It was a Nicklaus hybrid with a crap shaft in A flex, that is between R and Ladies and suitable for swing speeds in the low-mid 80s. He told me he was fitted by AG for it. I told him he was ripped off blind, and he should take it back and get a refund and complain like mad. 

He would have been better off going in with a blindfold and picking something at random.


----------



## EaseNgrace (Sep 15, 2009)

I visited Norfolk Premier Golf yesterday, Wow what a setup they have. I know where i'll be going to get fitted now, im also keen on the idea of some lessons having seen their short game/chipping area, and the range looks great too.


----------



## Pants (Sep 15, 2009)

I average 280 carry but my current driver has a regular shaft and I can only keep it under control if I hold back a bit.
		
Click to expand...

Wow.  280 yd carry and you are holding back.    
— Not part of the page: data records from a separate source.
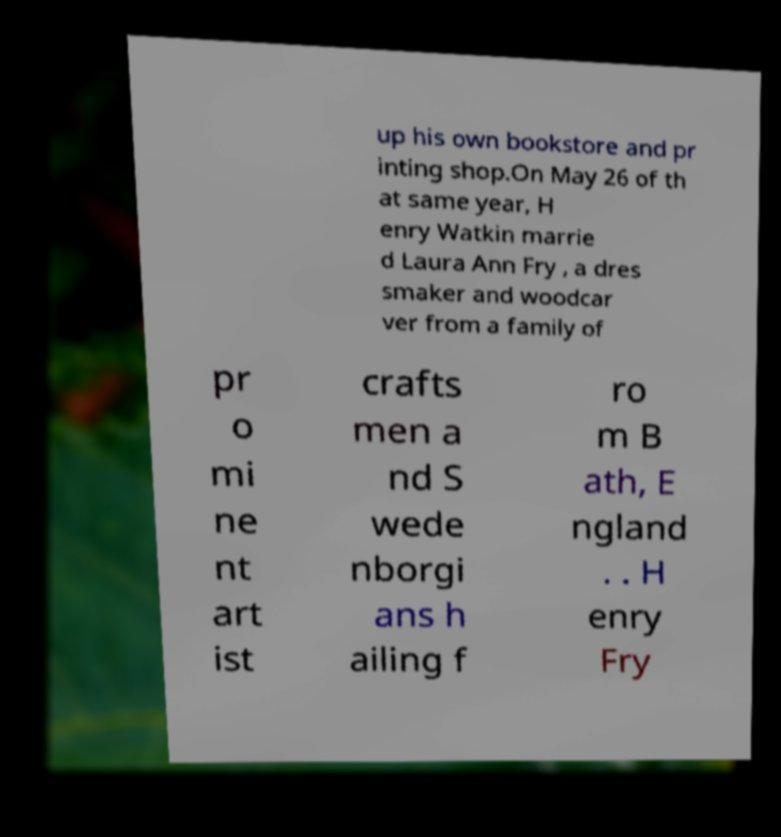I need the written content from this picture converted into text. Can you do that? up his own bookstore and pr inting shop.On May 26 of th at same year, H enry Watkin marrie d Laura Ann Fry , a dres smaker and woodcar ver from a family of pr o mi ne nt art ist crafts men a nd S wede nborgi ans h ailing f ro m B ath, E ngland . . H enry Fry 
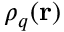<formula> <loc_0><loc_0><loc_500><loc_500>\rho _ { q } ( r )</formula> 
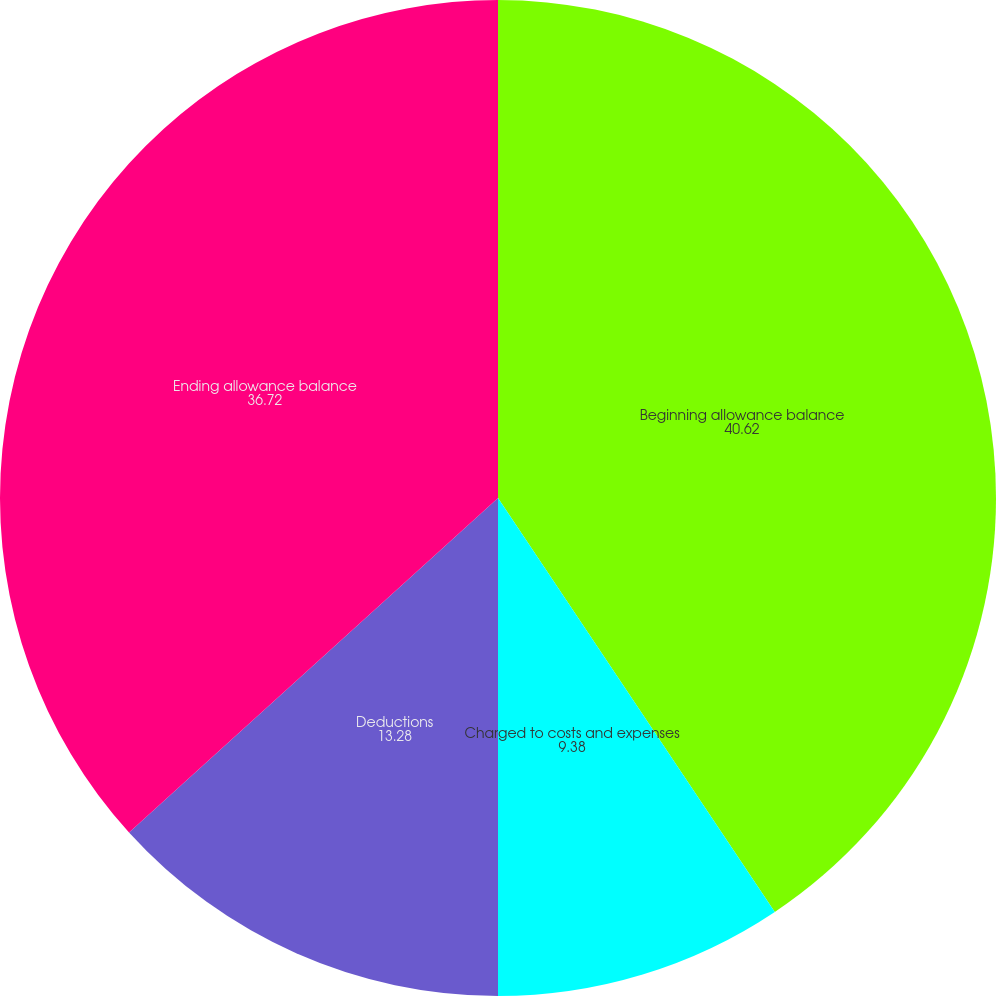Convert chart. <chart><loc_0><loc_0><loc_500><loc_500><pie_chart><fcel>Beginning allowance balance<fcel>Charged to costs and expenses<fcel>Deductions<fcel>Ending allowance balance<nl><fcel>40.62%<fcel>9.38%<fcel>13.28%<fcel>36.72%<nl></chart> 
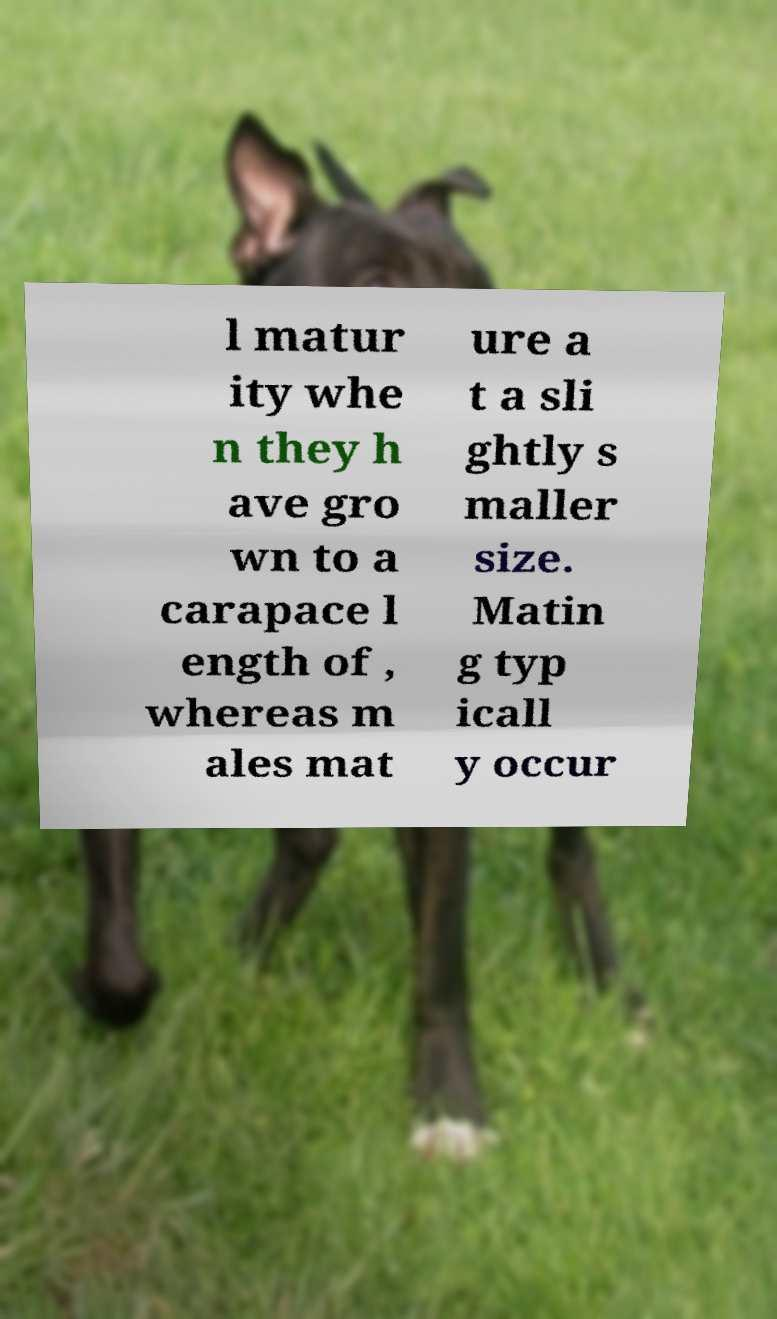For documentation purposes, I need the text within this image transcribed. Could you provide that? l matur ity whe n they h ave gro wn to a carapace l ength of , whereas m ales mat ure a t a sli ghtly s maller size. Matin g typ icall y occur 
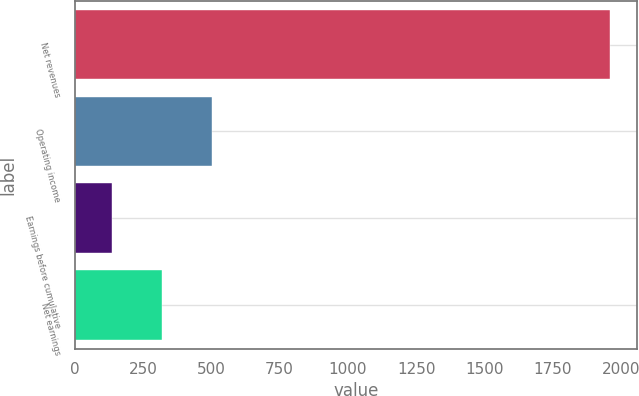Convert chart to OTSL. <chart><loc_0><loc_0><loc_500><loc_500><bar_chart><fcel>Net revenues<fcel>Operating income<fcel>Earnings before cumulative<fcel>Net earnings<nl><fcel>1961<fcel>501.72<fcel>136.9<fcel>319.31<nl></chart> 
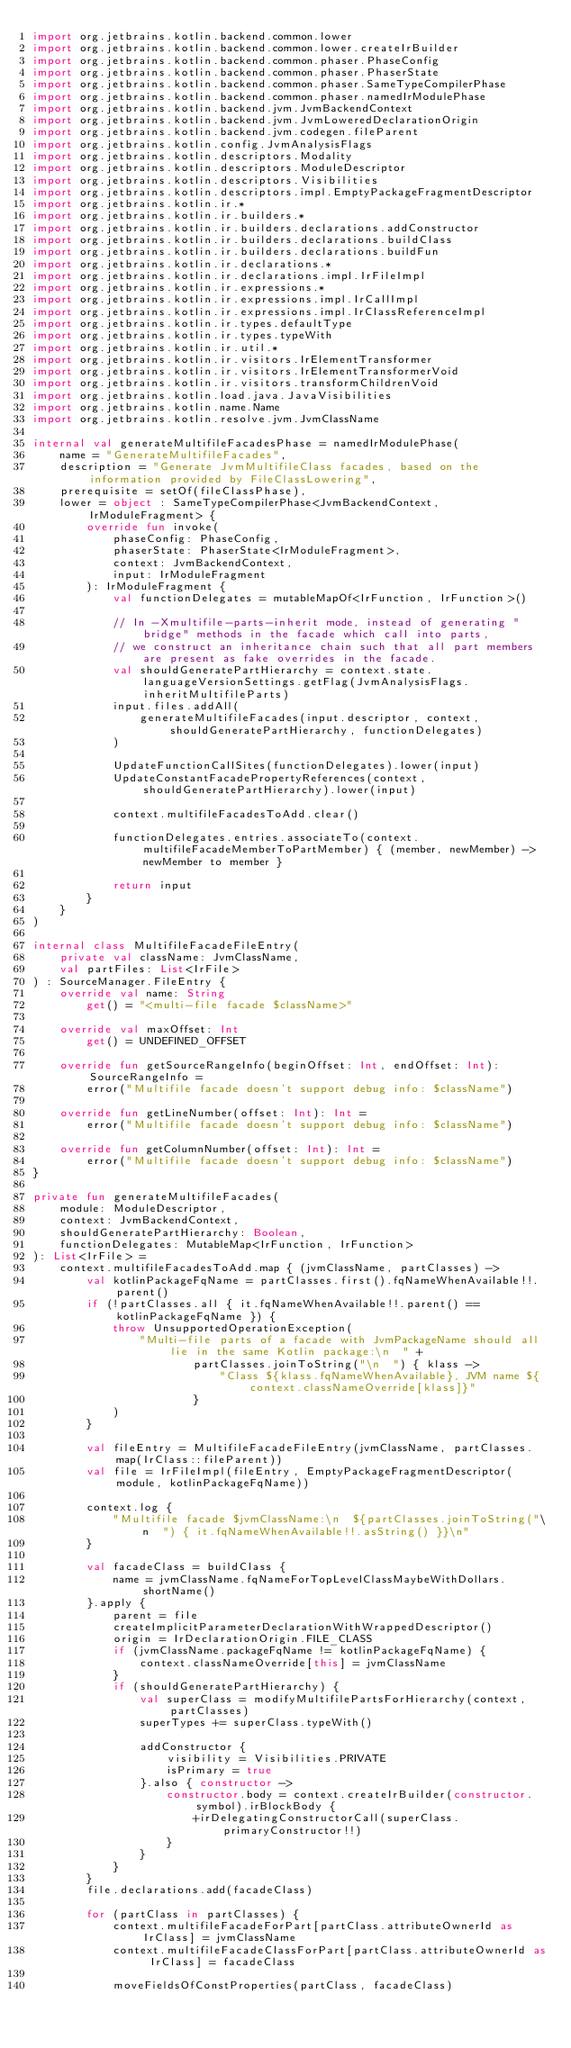Convert code to text. <code><loc_0><loc_0><loc_500><loc_500><_Kotlin_>import org.jetbrains.kotlin.backend.common.lower
import org.jetbrains.kotlin.backend.common.lower.createIrBuilder
import org.jetbrains.kotlin.backend.common.phaser.PhaseConfig
import org.jetbrains.kotlin.backend.common.phaser.PhaserState
import org.jetbrains.kotlin.backend.common.phaser.SameTypeCompilerPhase
import org.jetbrains.kotlin.backend.common.phaser.namedIrModulePhase
import org.jetbrains.kotlin.backend.jvm.JvmBackendContext
import org.jetbrains.kotlin.backend.jvm.JvmLoweredDeclarationOrigin
import org.jetbrains.kotlin.backend.jvm.codegen.fileParent
import org.jetbrains.kotlin.config.JvmAnalysisFlags
import org.jetbrains.kotlin.descriptors.Modality
import org.jetbrains.kotlin.descriptors.ModuleDescriptor
import org.jetbrains.kotlin.descriptors.Visibilities
import org.jetbrains.kotlin.descriptors.impl.EmptyPackageFragmentDescriptor
import org.jetbrains.kotlin.ir.*
import org.jetbrains.kotlin.ir.builders.*
import org.jetbrains.kotlin.ir.builders.declarations.addConstructor
import org.jetbrains.kotlin.ir.builders.declarations.buildClass
import org.jetbrains.kotlin.ir.builders.declarations.buildFun
import org.jetbrains.kotlin.ir.declarations.*
import org.jetbrains.kotlin.ir.declarations.impl.IrFileImpl
import org.jetbrains.kotlin.ir.expressions.*
import org.jetbrains.kotlin.ir.expressions.impl.IrCallImpl
import org.jetbrains.kotlin.ir.expressions.impl.IrClassReferenceImpl
import org.jetbrains.kotlin.ir.types.defaultType
import org.jetbrains.kotlin.ir.types.typeWith
import org.jetbrains.kotlin.ir.util.*
import org.jetbrains.kotlin.ir.visitors.IrElementTransformer
import org.jetbrains.kotlin.ir.visitors.IrElementTransformerVoid
import org.jetbrains.kotlin.ir.visitors.transformChildrenVoid
import org.jetbrains.kotlin.load.java.JavaVisibilities
import org.jetbrains.kotlin.name.Name
import org.jetbrains.kotlin.resolve.jvm.JvmClassName

internal val generateMultifileFacadesPhase = namedIrModulePhase(
    name = "GenerateMultifileFacades",
    description = "Generate JvmMultifileClass facades, based on the information provided by FileClassLowering",
    prerequisite = setOf(fileClassPhase),
    lower = object : SameTypeCompilerPhase<JvmBackendContext, IrModuleFragment> {
        override fun invoke(
            phaseConfig: PhaseConfig,
            phaserState: PhaserState<IrModuleFragment>,
            context: JvmBackendContext,
            input: IrModuleFragment
        ): IrModuleFragment {
            val functionDelegates = mutableMapOf<IrFunction, IrFunction>()

            // In -Xmultifile-parts-inherit mode, instead of generating "bridge" methods in the facade which call into parts,
            // we construct an inheritance chain such that all part members are present as fake overrides in the facade.
            val shouldGeneratePartHierarchy = context.state.languageVersionSettings.getFlag(JvmAnalysisFlags.inheritMultifileParts)
            input.files.addAll(
                generateMultifileFacades(input.descriptor, context, shouldGeneratePartHierarchy, functionDelegates)
            )

            UpdateFunctionCallSites(functionDelegates).lower(input)
            UpdateConstantFacadePropertyReferences(context, shouldGeneratePartHierarchy).lower(input)

            context.multifileFacadesToAdd.clear()

            functionDelegates.entries.associateTo(context.multifileFacadeMemberToPartMember) { (member, newMember) -> newMember to member }

            return input
        }
    }
)

internal class MultifileFacadeFileEntry(
    private val className: JvmClassName,
    val partFiles: List<IrFile>
) : SourceManager.FileEntry {
    override val name: String
        get() = "<multi-file facade $className>"

    override val maxOffset: Int
        get() = UNDEFINED_OFFSET

    override fun getSourceRangeInfo(beginOffset: Int, endOffset: Int): SourceRangeInfo =
        error("Multifile facade doesn't support debug info: $className")

    override fun getLineNumber(offset: Int): Int =
        error("Multifile facade doesn't support debug info: $className")

    override fun getColumnNumber(offset: Int): Int =
        error("Multifile facade doesn't support debug info: $className")
}

private fun generateMultifileFacades(
    module: ModuleDescriptor,
    context: JvmBackendContext,
    shouldGeneratePartHierarchy: Boolean,
    functionDelegates: MutableMap<IrFunction, IrFunction>
): List<IrFile> =
    context.multifileFacadesToAdd.map { (jvmClassName, partClasses) ->
        val kotlinPackageFqName = partClasses.first().fqNameWhenAvailable!!.parent()
        if (!partClasses.all { it.fqNameWhenAvailable!!.parent() == kotlinPackageFqName }) {
            throw UnsupportedOperationException(
                "Multi-file parts of a facade with JvmPackageName should all lie in the same Kotlin package:\n  " +
                        partClasses.joinToString("\n  ") { klass ->
                            "Class ${klass.fqNameWhenAvailable}, JVM name ${context.classNameOverride[klass]}"
                        }
            )
        }

        val fileEntry = MultifileFacadeFileEntry(jvmClassName, partClasses.map(IrClass::fileParent))
        val file = IrFileImpl(fileEntry, EmptyPackageFragmentDescriptor(module, kotlinPackageFqName))

        context.log {
            "Multifile facade $jvmClassName:\n  ${partClasses.joinToString("\n  ") { it.fqNameWhenAvailable!!.asString() }}\n"
        }

        val facadeClass = buildClass {
            name = jvmClassName.fqNameForTopLevelClassMaybeWithDollars.shortName()
        }.apply {
            parent = file
            createImplicitParameterDeclarationWithWrappedDescriptor()
            origin = IrDeclarationOrigin.FILE_CLASS
            if (jvmClassName.packageFqName != kotlinPackageFqName) {
                context.classNameOverride[this] = jvmClassName
            }
            if (shouldGeneratePartHierarchy) {
                val superClass = modifyMultifilePartsForHierarchy(context, partClasses)
                superTypes += superClass.typeWith()

                addConstructor {
                    visibility = Visibilities.PRIVATE
                    isPrimary = true
                }.also { constructor ->
                    constructor.body = context.createIrBuilder(constructor.symbol).irBlockBody {
                        +irDelegatingConstructorCall(superClass.primaryConstructor!!)
                    }
                }
            }
        }
        file.declarations.add(facadeClass)

        for (partClass in partClasses) {
            context.multifileFacadeForPart[partClass.attributeOwnerId as IrClass] = jvmClassName
            context.multifileFacadeClassForPart[partClass.attributeOwnerId as IrClass] = facadeClass

            moveFieldsOfConstProperties(partClass, facadeClass)
</code> 
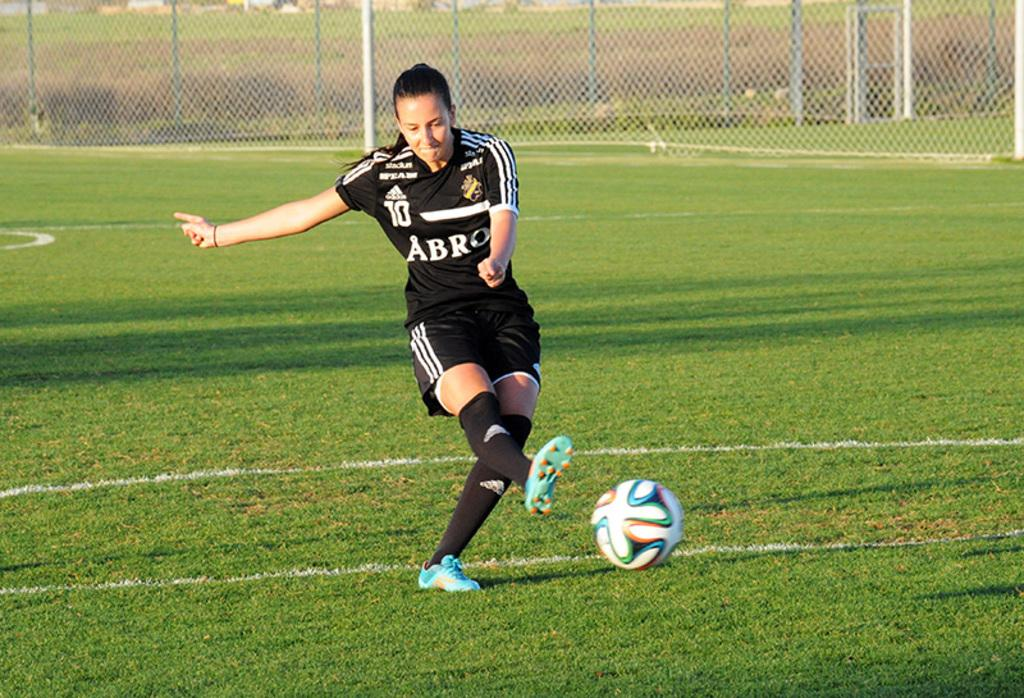What is the person in the image doing? The person is kicking a ball. What can be seen in the background of the image? There is wire fencing, plants, and grass in the background of the image. What type of disgust can be seen on the person's face while kicking the ball? There is no indication of disgust on the person's face in the image; they appear to be focused on kicking the ball. 
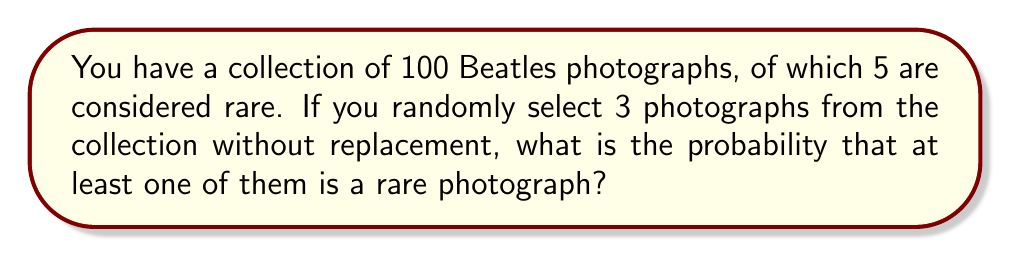Show me your answer to this math problem. Let's approach this step-by-step:

1) First, let's calculate the probability of not selecting any rare photographs. This is easier than calculating the probability of selecting at least one rare photograph directly.

2) The probability of not selecting a rare photograph on the first draw is:
   $$\frac{95}{100} = 0.95$$

3) If we didn't select a rare photograph on the first draw, the probability of not selecting a rare photograph on the second draw is:
   $$\frac{94}{99}$$

4) Similarly, for the third draw, if we didn't select a rare photograph in the first two draws, the probability is:
   $$\frac{93}{98}$$

5) The probability of not selecting any rare photographs in all three draws is the product of these probabilities:
   $$P(\text{no rare}) = \frac{95}{100} \cdot \frac{94}{99} \cdot \frac{93}{98} = 0.8570$$

6) Therefore, the probability of selecting at least one rare photograph is the complement of this probability:
   $$P(\text{at least one rare}) = 1 - P(\text{no rare}) = 1 - 0.8570 = 0.1430$$

7) We can express this as a percentage: 14.30%
Answer: 0.1430 or 14.30% 
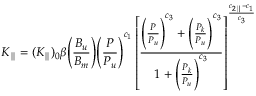Convert formula to latex. <formula><loc_0><loc_0><loc_500><loc_500>K _ { \| } = ( K _ { \| } ) _ { 0 } \beta \left ( \frac { B _ { u } } { B _ { m } } \right ) \left ( \frac { P } { P _ { u } } \right ) ^ { c _ { 1 } } \left [ \frac { \left ( \frac { P } { P _ { u } } \right ) ^ { c _ { 3 } } + \left ( \frac { P _ { k } } { P _ { u } } \right ) ^ { c _ { 3 } } } { 1 + \left ( \frac { P _ { k } } { P _ { u } } \right ) ^ { c _ { 3 } } } \right ] ^ { \frac { c _ { 2 \| } - c _ { 1 } } { c _ { 3 } } }</formula> 
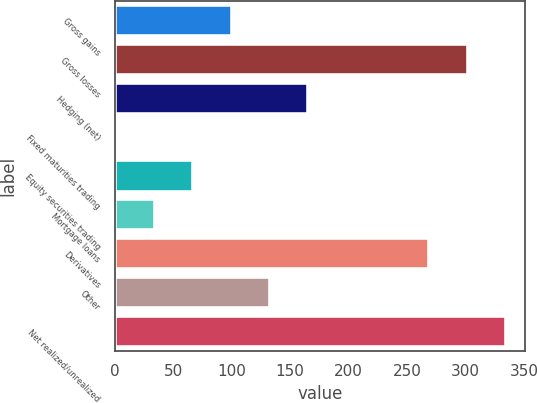Convert chart. <chart><loc_0><loc_0><loc_500><loc_500><bar_chart><fcel>Gross gains<fcel>Gross losses<fcel>Hedging (net)<fcel>Fixed maturities trading<fcel>Equity securities trading<fcel>Mortgage loans<fcel>Derivatives<fcel>Other<fcel>Net realized/unrealized<nl><fcel>99.83<fcel>301.91<fcel>165.25<fcel>1.7<fcel>67.12<fcel>34.41<fcel>269.2<fcel>132.54<fcel>334.62<nl></chart> 
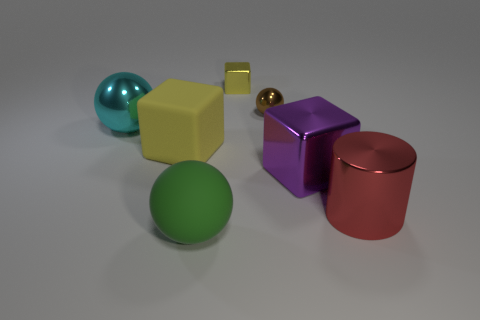Is the yellow block that is in front of the tiny sphere made of the same material as the red object?
Your answer should be compact. No. Is there anything else that is the same material as the purple thing?
Your response must be concise. Yes. How many big objects are to the left of the shiny ball on the right side of the rubber thing that is in front of the red object?
Your answer should be very brief. 3. There is a metallic object that is on the left side of the green object; is it the same shape as the purple object?
Ensure brevity in your answer.  No. How many objects are either large yellow shiny cylinders or metal things behind the yellow matte cube?
Give a very brief answer. 3. Are there more big metallic spheres right of the red shiny cylinder than metallic things?
Keep it short and to the point. No. Are there an equal number of large metallic balls that are in front of the green thing and big shiny things that are left of the small yellow block?
Give a very brief answer. No. Are there any cylinders behind the large cyan sphere on the left side of the red shiny thing?
Provide a succinct answer. No. The large cyan thing has what shape?
Give a very brief answer. Sphere. There is a shiny cube that is the same color as the rubber block; what is its size?
Your answer should be very brief. Small. 
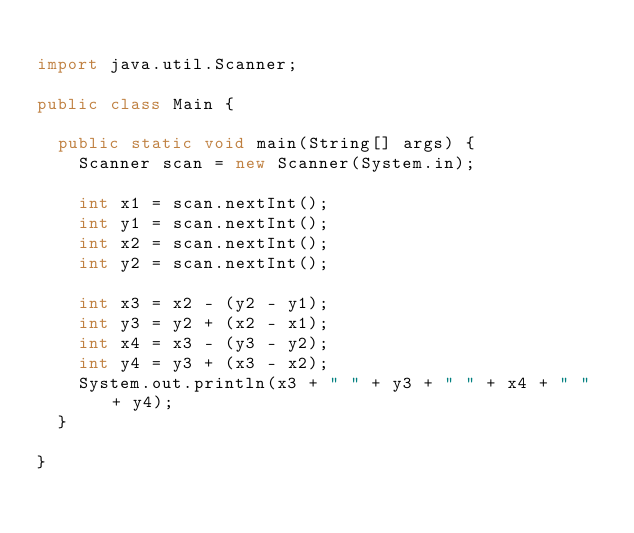Convert code to text. <code><loc_0><loc_0><loc_500><loc_500><_Java_>
import java.util.Scanner;

I can only dream of anything more than 200 yds total, including run, in these current very dry conditions


----------



## EaseNgrace (Sep 15, 2009)

Unfortunately it doesn't seem to be saving me many shots at the moment, Im all power and no finesse at the moment but with a few hundred hours of practice  I may have a complete game one day.
I must admit it is the part of my game I enjoy most when im feeling confident and having the choice of going for the green on par 4's. I was pin high on  a 350 yard par 4 (with the wind behind) last Sunday.


----------



## viscount17 (Sep 16, 2009)

I was pin high on  a 350 yard par 4 (with the wind behind) last Sunday.
		
Click to expand...

I hate you!


----------